Exploiting query term correlation for list caching in web search engines

  • Authors:
  • Jiancong Tong;Gang Wang;Douglas S. Stones;Shizhao Sun;Xiaoguang Liu;Fan Zhang

  • Affiliations:
  • Nankai University, Tianjin, China;Nankai University, Tianjin, China;Monash University, Melbourne, Australia;Nankai University, Tianjin, China;Nankai University, Tianjin, China;Nankai University, Tianjin, China

  • Venue:
  • Proceedings of the 22nd ACM international conference on Conference on information & knowledge management
  • Year:
  • 2013

Quantified Score

Hi-index 0.00

Visualization

Abstract

Caching technologies have been widely employed to boost the performance of Web search engines. Motivated by the correlation between terms in query logs from a commercial search engine, we explore the idea of a caching scheme based on pairs of terms, rather than individual terms (which is the typical approach used by search engines today).

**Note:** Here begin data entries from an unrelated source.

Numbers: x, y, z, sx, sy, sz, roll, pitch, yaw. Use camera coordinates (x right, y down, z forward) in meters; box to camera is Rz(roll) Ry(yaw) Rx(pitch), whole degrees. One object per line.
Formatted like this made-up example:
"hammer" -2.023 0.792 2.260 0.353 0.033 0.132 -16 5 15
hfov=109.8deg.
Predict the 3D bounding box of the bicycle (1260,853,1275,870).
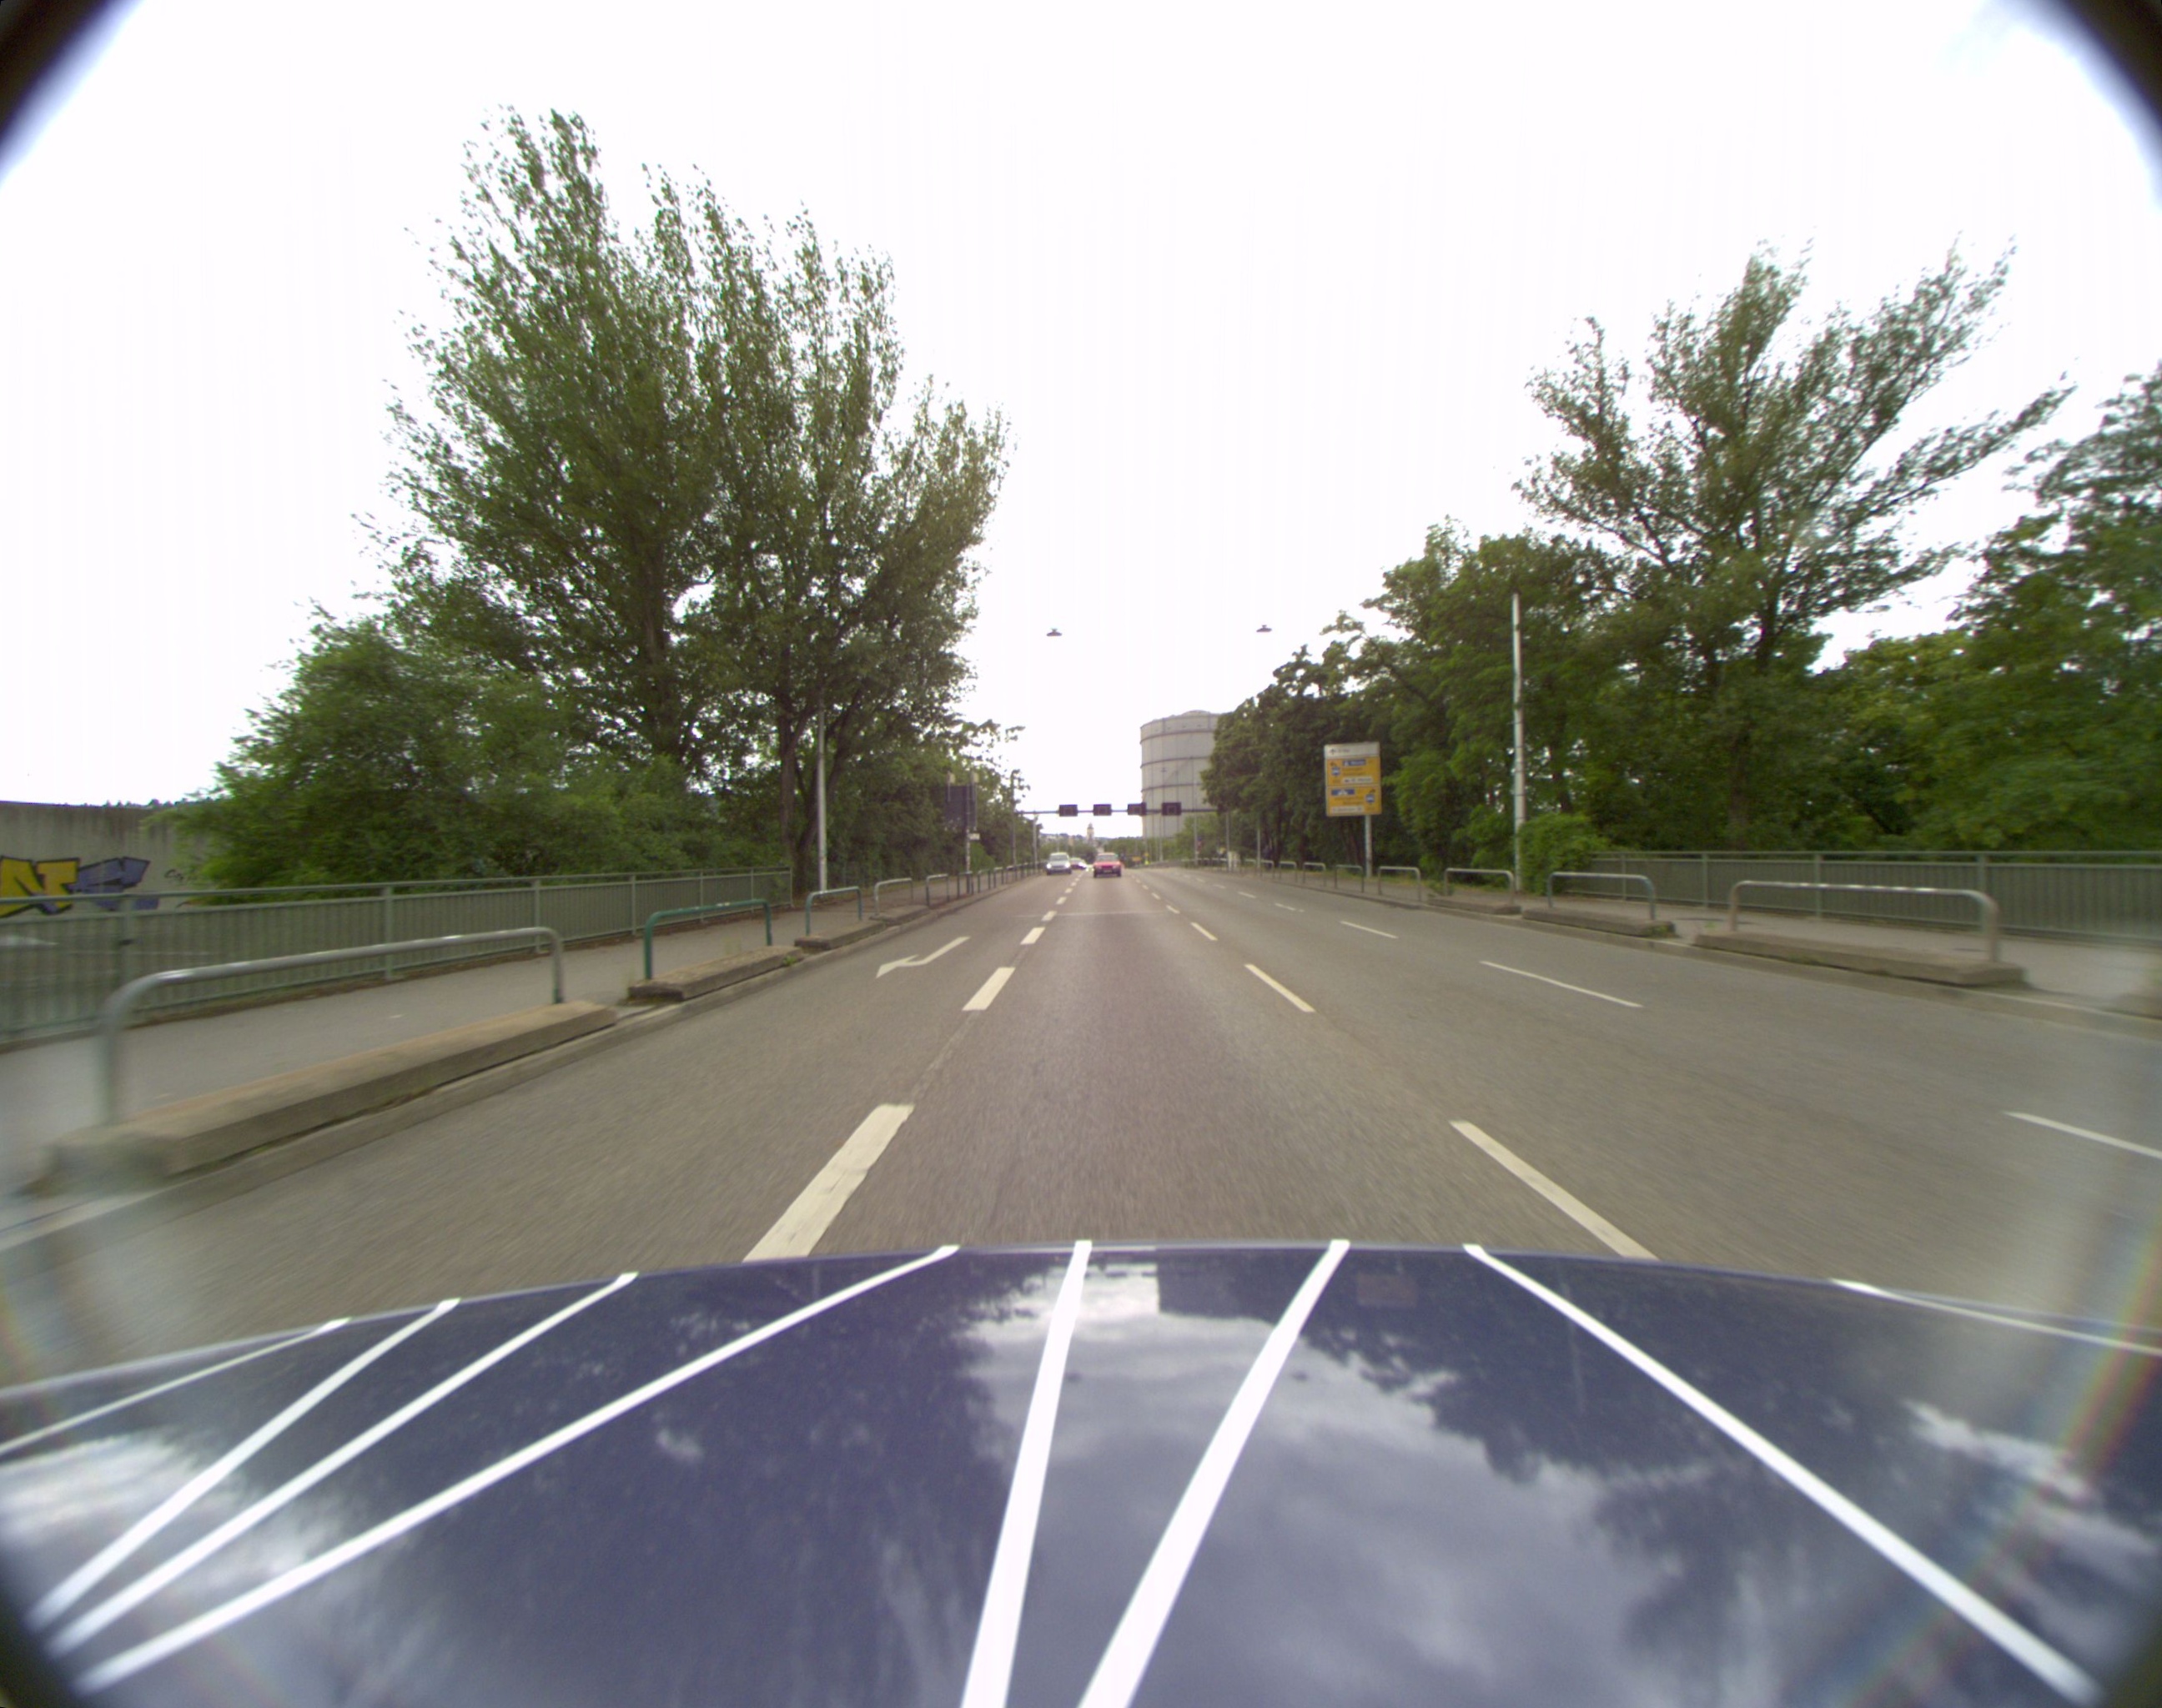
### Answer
"bicycle" 11.752 0.465 47.962 0.486 0.996 2.002 0 0 0

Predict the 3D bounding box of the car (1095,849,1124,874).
"car" 1.711 0.451 46.238 1.696 1.434 4.001 1 0 1

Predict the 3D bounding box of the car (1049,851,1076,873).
"car" -1.335 0.552 56.359 1.771 1.565 4.000 0 0 2

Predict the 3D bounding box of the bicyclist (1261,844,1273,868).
"bicyclist" 11.749 0.098 47.966 0.516 1.508 0.984 0 1 0

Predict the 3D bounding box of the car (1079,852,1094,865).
"car" 0.775 0.691 108.903 1.998 1.775 4.001 -1 -1 3

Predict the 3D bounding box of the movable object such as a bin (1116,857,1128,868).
"movable object such as a bin" 12.624 2.508 232.738 3.463 3.303 9.360 1 0 2

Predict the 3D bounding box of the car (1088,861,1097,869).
"car" 3.136 2.999 205.695 1.998 1.792 4.001 -3 0 5

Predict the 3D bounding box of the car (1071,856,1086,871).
"car" -0.284 1.112 91.521 1.776 1.696 4.000 -2 0 1

We propose an inverted list caching policy, based on the Least Recently Used method, in which the co-occurring correlation between terms in the query stream is accounted for when deciding on which terms to keep in the cache. We consider not only the term co-occurrence within the same query but also the co-occurrence between separate queries. Experimental results show that the proposed approach can improve not only the cache hit ratio but also the overall throughput of the system when compared to existing list caching algorithms.